*WHAT YOU SHOULD DO:*
Every line containing the string "that" should be returned from the records.

Collection entries:
+--
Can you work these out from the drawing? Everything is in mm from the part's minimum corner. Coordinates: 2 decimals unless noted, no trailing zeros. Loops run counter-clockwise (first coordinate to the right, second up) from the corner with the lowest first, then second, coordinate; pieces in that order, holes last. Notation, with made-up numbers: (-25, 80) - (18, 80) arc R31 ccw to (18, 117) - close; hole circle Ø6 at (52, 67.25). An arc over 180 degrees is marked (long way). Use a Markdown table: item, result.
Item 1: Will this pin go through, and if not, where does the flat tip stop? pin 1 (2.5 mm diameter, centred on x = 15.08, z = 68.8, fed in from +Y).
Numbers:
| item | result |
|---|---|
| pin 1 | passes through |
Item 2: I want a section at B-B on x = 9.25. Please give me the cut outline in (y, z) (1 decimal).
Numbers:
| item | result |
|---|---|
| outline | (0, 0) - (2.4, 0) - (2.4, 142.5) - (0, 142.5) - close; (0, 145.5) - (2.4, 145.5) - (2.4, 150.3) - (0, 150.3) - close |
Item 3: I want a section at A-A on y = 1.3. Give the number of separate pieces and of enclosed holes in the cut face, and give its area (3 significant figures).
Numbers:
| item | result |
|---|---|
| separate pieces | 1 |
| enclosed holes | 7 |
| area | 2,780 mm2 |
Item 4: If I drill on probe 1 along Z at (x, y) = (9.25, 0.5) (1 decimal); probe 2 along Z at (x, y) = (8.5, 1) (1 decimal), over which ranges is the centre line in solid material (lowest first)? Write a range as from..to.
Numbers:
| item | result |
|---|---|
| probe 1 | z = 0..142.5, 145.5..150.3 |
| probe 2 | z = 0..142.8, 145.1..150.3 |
+--
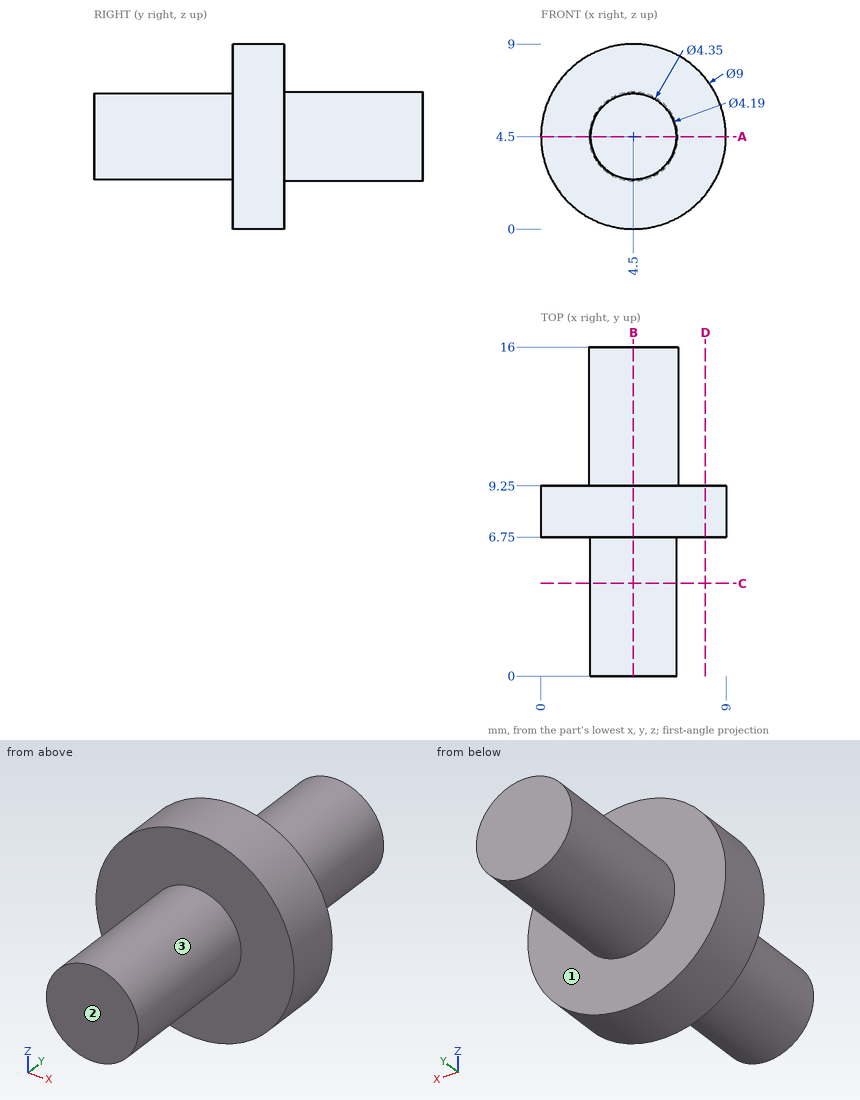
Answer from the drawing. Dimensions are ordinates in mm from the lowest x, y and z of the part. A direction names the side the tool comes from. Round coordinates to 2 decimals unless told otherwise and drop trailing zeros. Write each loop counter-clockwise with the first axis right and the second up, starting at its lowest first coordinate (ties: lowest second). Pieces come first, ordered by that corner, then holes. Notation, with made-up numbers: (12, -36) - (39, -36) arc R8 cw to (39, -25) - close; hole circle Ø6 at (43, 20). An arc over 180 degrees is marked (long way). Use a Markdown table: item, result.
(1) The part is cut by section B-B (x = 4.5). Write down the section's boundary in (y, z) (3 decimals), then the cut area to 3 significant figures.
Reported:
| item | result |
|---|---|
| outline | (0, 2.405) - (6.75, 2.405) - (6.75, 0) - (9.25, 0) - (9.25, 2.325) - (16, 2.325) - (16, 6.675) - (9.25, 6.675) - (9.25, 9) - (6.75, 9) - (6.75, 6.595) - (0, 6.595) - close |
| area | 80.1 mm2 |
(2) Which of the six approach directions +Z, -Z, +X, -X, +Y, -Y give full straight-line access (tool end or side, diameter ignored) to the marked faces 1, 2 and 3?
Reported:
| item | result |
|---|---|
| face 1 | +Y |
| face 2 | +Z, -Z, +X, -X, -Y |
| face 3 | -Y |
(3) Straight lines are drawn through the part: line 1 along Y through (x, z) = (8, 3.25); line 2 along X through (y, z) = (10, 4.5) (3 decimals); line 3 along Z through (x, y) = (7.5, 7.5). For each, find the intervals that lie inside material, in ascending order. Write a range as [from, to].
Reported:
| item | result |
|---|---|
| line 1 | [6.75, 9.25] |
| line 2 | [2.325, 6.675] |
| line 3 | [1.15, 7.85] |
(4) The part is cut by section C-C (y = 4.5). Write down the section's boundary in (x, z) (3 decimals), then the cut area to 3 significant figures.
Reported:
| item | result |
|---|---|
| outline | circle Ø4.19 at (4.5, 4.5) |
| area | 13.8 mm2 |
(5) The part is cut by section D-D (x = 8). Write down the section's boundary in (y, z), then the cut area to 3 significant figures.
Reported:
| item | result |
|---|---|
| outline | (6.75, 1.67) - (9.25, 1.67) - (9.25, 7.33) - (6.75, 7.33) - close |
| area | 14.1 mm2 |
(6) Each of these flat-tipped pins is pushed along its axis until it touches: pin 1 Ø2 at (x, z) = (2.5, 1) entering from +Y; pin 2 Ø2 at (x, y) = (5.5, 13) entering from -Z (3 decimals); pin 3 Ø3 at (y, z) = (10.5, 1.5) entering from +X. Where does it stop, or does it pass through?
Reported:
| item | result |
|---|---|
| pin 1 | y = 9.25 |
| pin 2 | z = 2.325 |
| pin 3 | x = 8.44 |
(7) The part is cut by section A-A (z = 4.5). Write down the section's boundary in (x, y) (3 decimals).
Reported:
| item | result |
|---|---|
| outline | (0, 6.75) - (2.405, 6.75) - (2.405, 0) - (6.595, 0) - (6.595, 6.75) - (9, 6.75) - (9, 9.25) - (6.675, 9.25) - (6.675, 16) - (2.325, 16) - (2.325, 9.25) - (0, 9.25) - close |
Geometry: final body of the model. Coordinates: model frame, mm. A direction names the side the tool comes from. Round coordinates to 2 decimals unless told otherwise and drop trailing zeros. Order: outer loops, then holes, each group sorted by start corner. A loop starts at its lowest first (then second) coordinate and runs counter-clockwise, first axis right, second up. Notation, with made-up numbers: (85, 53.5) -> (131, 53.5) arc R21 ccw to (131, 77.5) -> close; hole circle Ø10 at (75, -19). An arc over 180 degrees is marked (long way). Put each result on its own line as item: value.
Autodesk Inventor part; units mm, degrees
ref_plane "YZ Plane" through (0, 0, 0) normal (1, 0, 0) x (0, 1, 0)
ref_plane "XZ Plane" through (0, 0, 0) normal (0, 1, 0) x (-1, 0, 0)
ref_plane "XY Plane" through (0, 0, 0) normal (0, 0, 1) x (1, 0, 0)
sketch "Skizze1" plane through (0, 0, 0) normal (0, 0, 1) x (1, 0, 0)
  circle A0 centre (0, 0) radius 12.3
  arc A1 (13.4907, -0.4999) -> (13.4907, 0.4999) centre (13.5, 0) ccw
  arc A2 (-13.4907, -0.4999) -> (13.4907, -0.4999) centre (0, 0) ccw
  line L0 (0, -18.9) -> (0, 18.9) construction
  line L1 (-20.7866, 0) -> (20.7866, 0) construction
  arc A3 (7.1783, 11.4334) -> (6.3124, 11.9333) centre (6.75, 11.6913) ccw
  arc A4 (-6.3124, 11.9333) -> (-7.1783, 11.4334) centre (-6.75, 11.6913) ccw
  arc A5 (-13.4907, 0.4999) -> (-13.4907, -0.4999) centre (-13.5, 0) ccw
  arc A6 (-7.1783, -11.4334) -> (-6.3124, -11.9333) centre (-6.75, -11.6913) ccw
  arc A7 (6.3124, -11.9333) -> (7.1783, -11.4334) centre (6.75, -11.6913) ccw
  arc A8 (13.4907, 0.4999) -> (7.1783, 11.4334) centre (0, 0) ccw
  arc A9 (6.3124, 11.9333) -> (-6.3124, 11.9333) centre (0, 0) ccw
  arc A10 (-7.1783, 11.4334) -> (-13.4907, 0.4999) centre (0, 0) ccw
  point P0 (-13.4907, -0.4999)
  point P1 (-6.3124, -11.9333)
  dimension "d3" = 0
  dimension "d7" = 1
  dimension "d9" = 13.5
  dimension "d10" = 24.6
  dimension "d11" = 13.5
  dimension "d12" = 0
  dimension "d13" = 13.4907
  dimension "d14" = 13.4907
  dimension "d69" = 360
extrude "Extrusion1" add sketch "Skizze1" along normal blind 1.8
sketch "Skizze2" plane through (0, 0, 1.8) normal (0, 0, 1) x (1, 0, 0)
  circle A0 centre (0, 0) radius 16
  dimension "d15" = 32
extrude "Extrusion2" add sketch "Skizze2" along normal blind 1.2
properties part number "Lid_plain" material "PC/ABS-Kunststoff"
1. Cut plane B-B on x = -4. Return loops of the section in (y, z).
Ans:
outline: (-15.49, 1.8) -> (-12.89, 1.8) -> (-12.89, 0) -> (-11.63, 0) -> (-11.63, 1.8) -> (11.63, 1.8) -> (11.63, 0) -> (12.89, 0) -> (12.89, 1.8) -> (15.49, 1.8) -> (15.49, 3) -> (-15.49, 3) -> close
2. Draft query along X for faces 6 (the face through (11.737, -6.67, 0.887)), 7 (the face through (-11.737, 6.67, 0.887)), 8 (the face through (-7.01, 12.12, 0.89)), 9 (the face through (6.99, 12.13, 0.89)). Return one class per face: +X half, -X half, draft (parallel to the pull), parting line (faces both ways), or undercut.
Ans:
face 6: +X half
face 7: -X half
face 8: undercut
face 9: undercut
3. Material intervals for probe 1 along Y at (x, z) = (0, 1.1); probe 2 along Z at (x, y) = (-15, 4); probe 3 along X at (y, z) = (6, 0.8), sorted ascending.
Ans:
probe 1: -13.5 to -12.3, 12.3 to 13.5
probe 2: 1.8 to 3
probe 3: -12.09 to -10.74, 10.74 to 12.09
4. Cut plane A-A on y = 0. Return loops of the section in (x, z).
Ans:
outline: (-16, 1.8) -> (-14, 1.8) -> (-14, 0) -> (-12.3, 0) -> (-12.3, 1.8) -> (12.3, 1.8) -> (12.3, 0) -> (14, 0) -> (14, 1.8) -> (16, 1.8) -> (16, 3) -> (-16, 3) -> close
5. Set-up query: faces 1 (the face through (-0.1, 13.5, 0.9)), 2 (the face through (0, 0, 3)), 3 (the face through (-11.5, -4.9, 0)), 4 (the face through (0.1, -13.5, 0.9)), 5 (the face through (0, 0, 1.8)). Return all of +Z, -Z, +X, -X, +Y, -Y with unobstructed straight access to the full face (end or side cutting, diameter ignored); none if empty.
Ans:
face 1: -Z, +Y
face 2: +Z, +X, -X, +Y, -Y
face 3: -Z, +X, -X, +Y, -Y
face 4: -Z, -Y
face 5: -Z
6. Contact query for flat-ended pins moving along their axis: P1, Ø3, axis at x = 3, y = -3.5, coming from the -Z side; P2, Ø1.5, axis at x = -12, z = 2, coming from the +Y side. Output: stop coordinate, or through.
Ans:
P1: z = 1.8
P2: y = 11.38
+--
*EXERCISE RESULT:*
Can you work these out from the drawing? Everything is in mm from the part's minimum corner. Coordinates: 2 decimals unless noted, no trailing zeros. Loops run counter-clockwise (first coordinate to the right, second up) from the corner with the lowest first, then second, coordinate; pieces in that order, holes last. Notation, with made-up numbers: (-25, 80) - (18, 80) arc R31 ccw to (18, 117) - close; hole circle Ø6 at (52, 67.25). An arc over 180 degrees is marked (long way). Use a Markdown table: item, result.
Answer from the drawing. Dimensions are ordinates in mm from the lowest x, y and z of the part. A direction names the side the tool comes from. Round coordinates to 2 decimals unless told otherwise and drop trailing zeros. Write each loop counter-clockwise with the first axis right and the second up, starting at its lowest first coordinate (ties: lowest second). Pieces come first, ordered by that corner, then holes. Notation, with made-up numbers: (12, -36) - (39, -36) arc R8 cw to (39, -25) - close; hole circle Ø6 at (43, 20). An arc over 180 degrees is marked (long way). Use a Markdown table: item, result.
(3) Straight lines are drawn through the part: line 1 along Y through (x, z) = (8, 3.25); line 2 along X through (y, z) = (10, 4.5) (3 decimals); line 3 along Z through (x, y) = (7.5, 7.5). For each, find the intervals that lie inside material, in ascending order. Write a range as [from, to].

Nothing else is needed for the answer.